The tombs of the conqueror  and his family stand upon raised dais in the centre.

West of this mosque was a ruined Castle, with two gate ways, one to the south and the other to the west, on each side of which were some very rude bas-reliefs.

The area of the castle had been converted into gardens, and nothing remained but the outer wall of alternate courses of brick and stone,flanked by several towers in a state of ruin."


Hamilton, sadece Orhan Bey değil, ailesinin de kalenin doğusunda yer alan eski bir Bizans kilisesinden çevrilme olan Davud Manastır Camii'ne gömülü olduğunu belirtiyordu. Dikkat edilirse yazar, '' Orhan'ın ailesi'' diyor.Belki de kabrin baş tarafında , Sultan Orhan'ın aile efradının isimleri de yazılıydı.Maalesef yazar bu hususta bize bilgi vermiyor.


Dikkat çekici bir başka husus ise, cami kiliseden çevrilirken ,Hristiyanlığın kutsal sembolü haçın ibadethanenin tam ortasında kürsü biçiminde yükseltilmiş kabrin karşısına rastgelen duvarlardan birinde , silinmeden muhafaza edilmiş olması.
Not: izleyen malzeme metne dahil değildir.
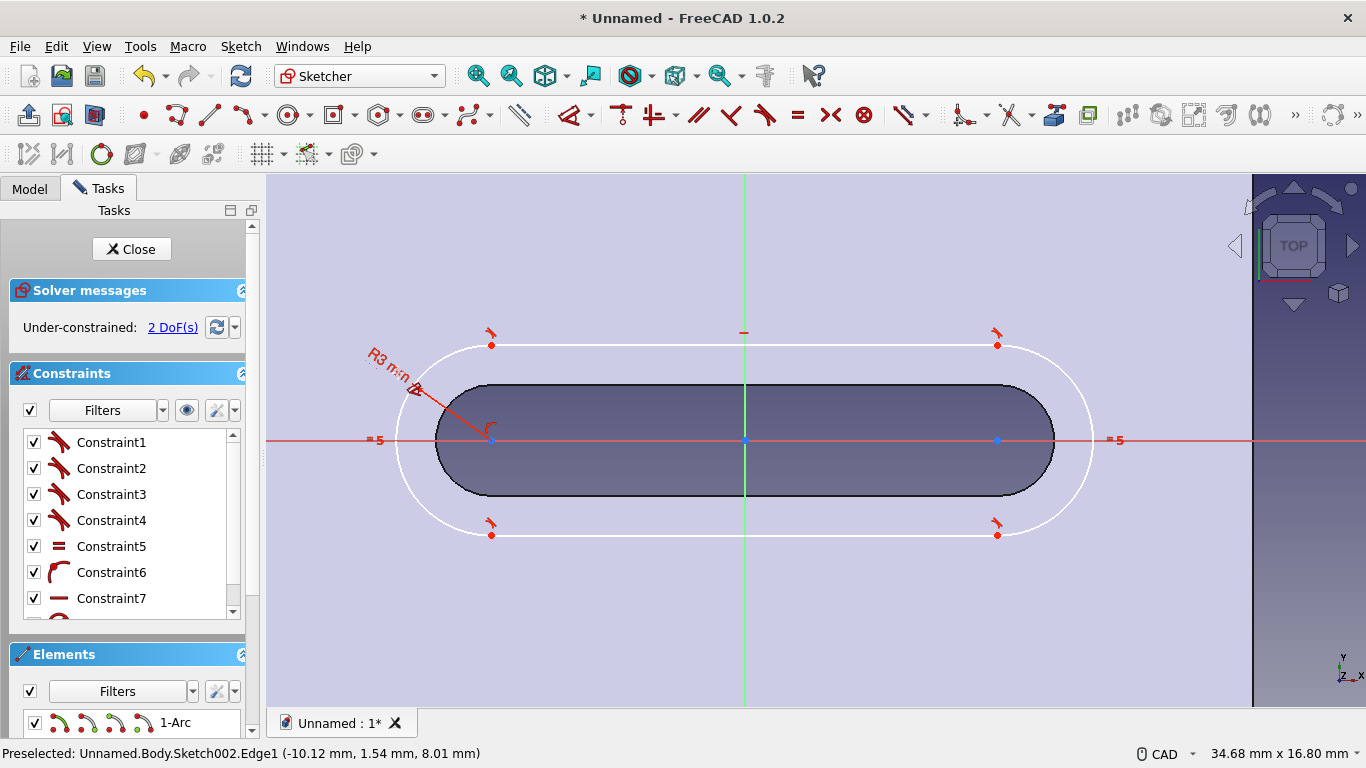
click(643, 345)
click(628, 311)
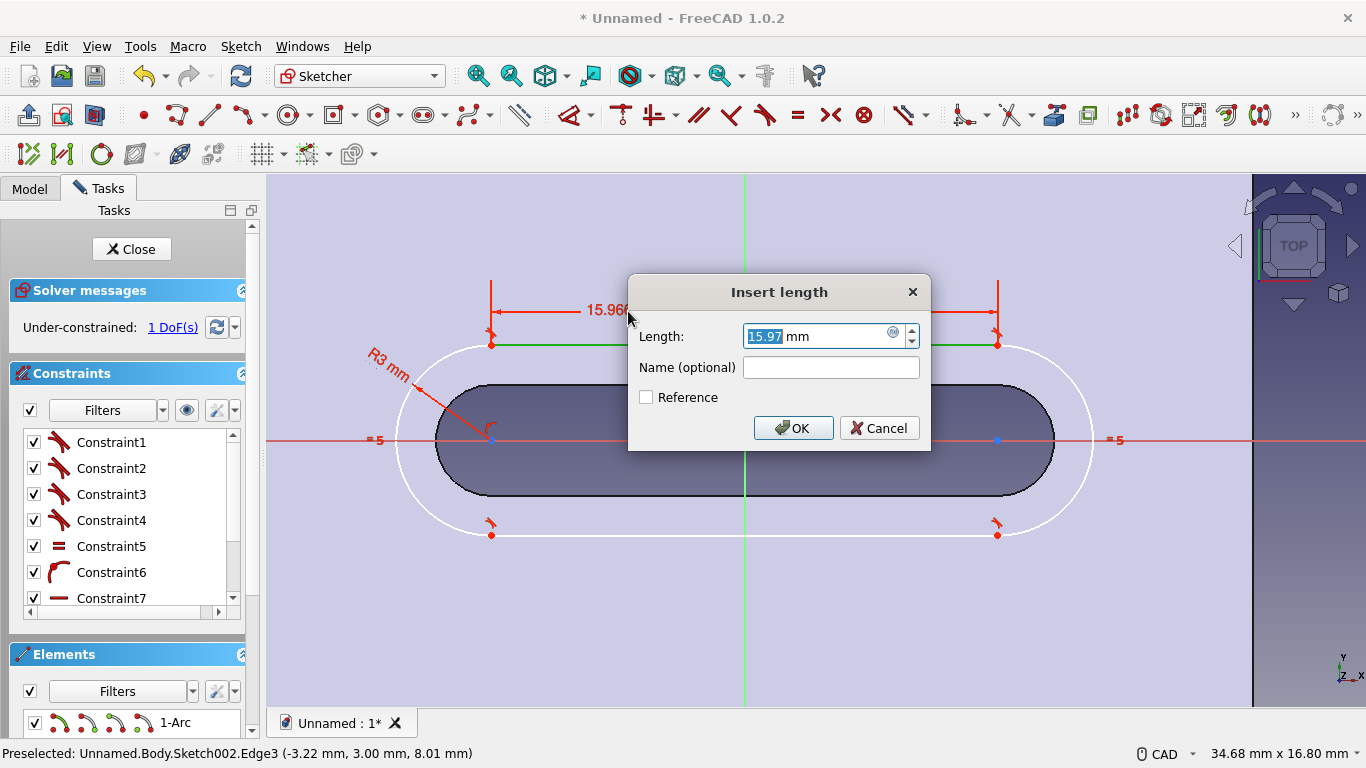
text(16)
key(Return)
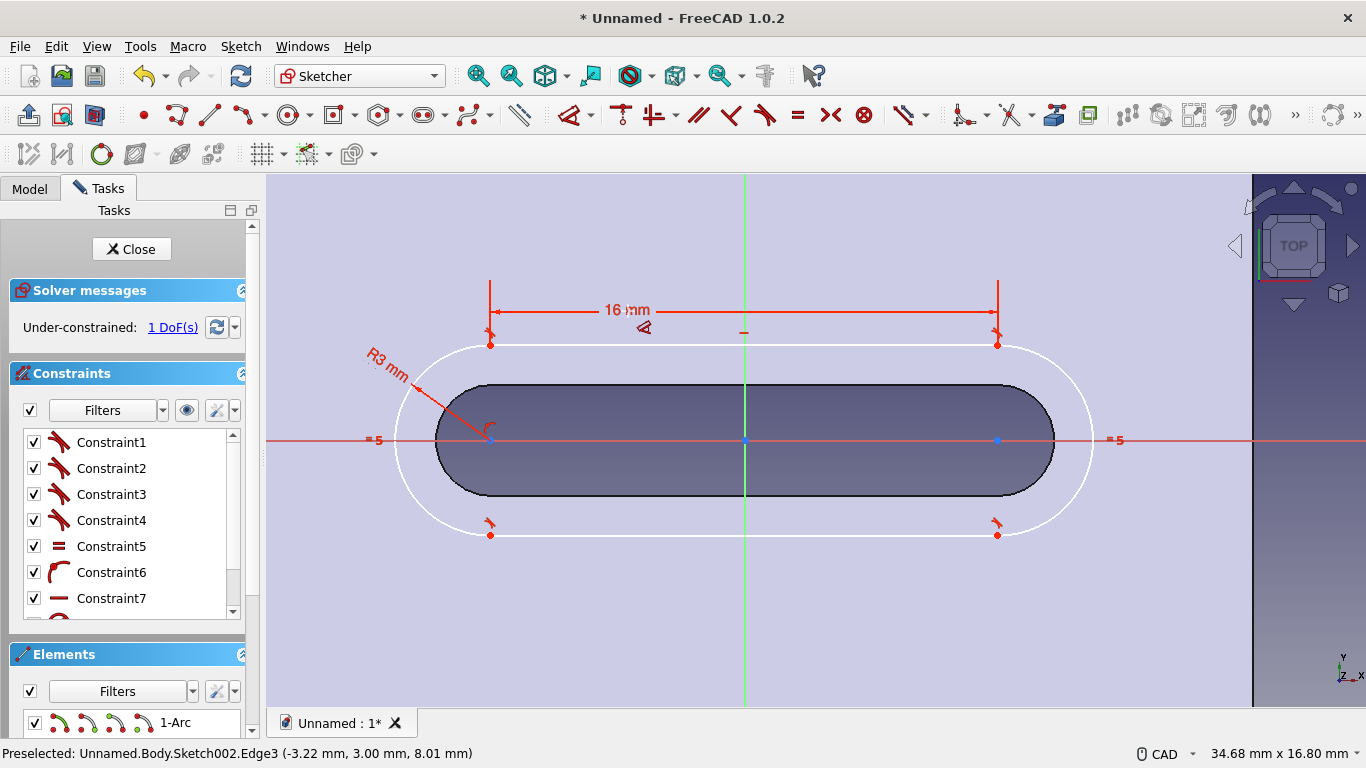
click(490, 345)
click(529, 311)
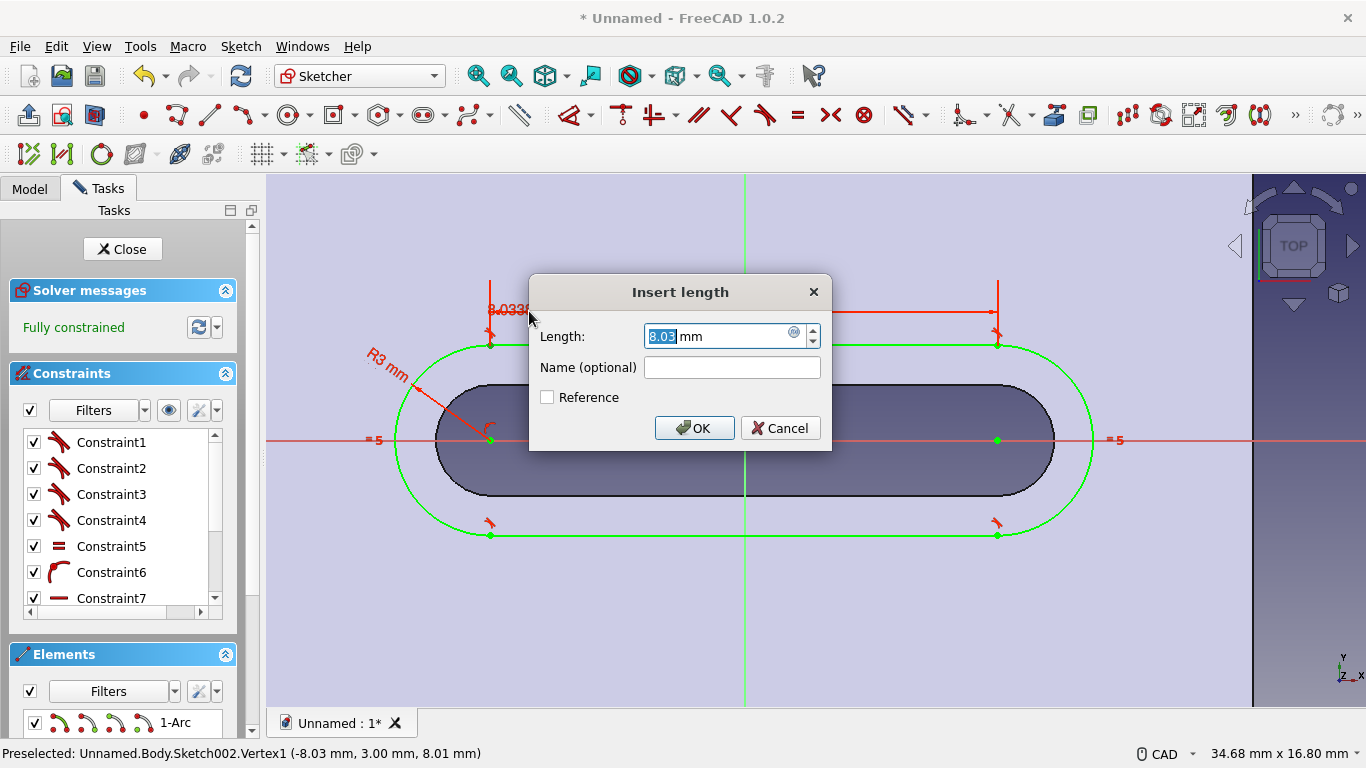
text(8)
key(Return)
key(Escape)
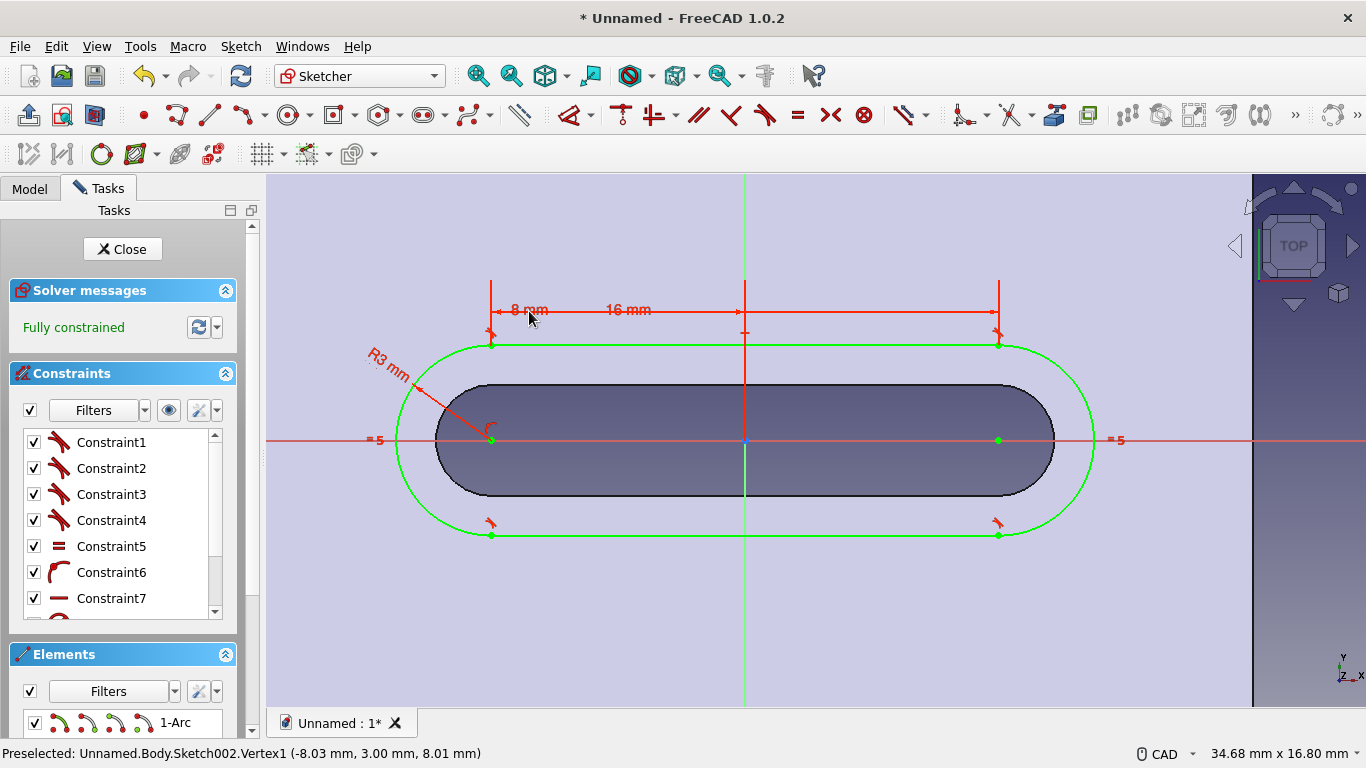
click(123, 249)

Beni şaşkınlığa sokan ikinci yabancı kaynak ise W.J. Hamilton'dan yüz yıl evvel Anadolu'ya seyahat gerçekleştiren kilise yöneticisi ve antropolog Richard Pococke'un 1740 yıllarında uğradığı Bursa'da aldığı notlardı:


" The castle , as I observed , is walled round, which I take to be the ancient city Prusa ;(.....) Over the north brow of the hill are
ruins of the grand senior's seraglio , which was burnt down some years ago; this being one of the royal cities  which have been the
residence of their monarchs. Orkhan , who took  this place , and his children, are buried  in an old church in the castle, which is
cased in fine marbles, and  paved with mosaic work; to the west of it, there is a sepulchre  covered with a cupola, where they say,
sultan Osman is buried; and  some speak of Bajazet's children as interred   near him, but I did not see the sepulchre " {5}

Bu ifadelerden anlaşıldığına göre Richard Pococke, yüz yıl sonra W.J. Hamilton'ın yerini tarif edip,etrafını  ve içini gezeceği  kiliseden dönme Davut Camiini, orijinal kilise  haliyle görüyor. Ayrıca,kaliteli mermer ile mozaikle kaplı zeminden bahsettiğine göre de, Orhan ile çocuklarının  defnedildiği kilisenin içini gördüğü izlenimini uyandırıyor. Zira W.J. Hamilton da  yüz yıl sonra artık camiye dönüştürülecek olan kilisenin içini gezerken,mermer duvarlar ile mozaik zeminden bahsedecekti. Bir de, Pococke elbette her kilisede bulunması normal olan Hristiyanlığın kutsal sembolü haçı gördüğünü nakletmiyor. Bu arada Osman'ın  esasen kilisenin dışında ve  üzeri kubbeyle örtülü kabrinden de haberdar oluyoruz. Pococke  Beyazıd'ın çocuklarının da Osman'ın yanına gömülü olduklarının söylendiğini naklediyor. Fakat kendisi  kabirleri  görmediğini belirtiyor.
Burada bir küçük ayrıntı daha var; Pococke, kale içindeki tepelik kısmın kuzey yamacında, Sultan'ın bir müddet evvel yakılan sarayının(harem)  kalıntılarını da yazıyor. Bahsi geçen, daha sonra değineceğim konular arasında bulunan saray olmalı...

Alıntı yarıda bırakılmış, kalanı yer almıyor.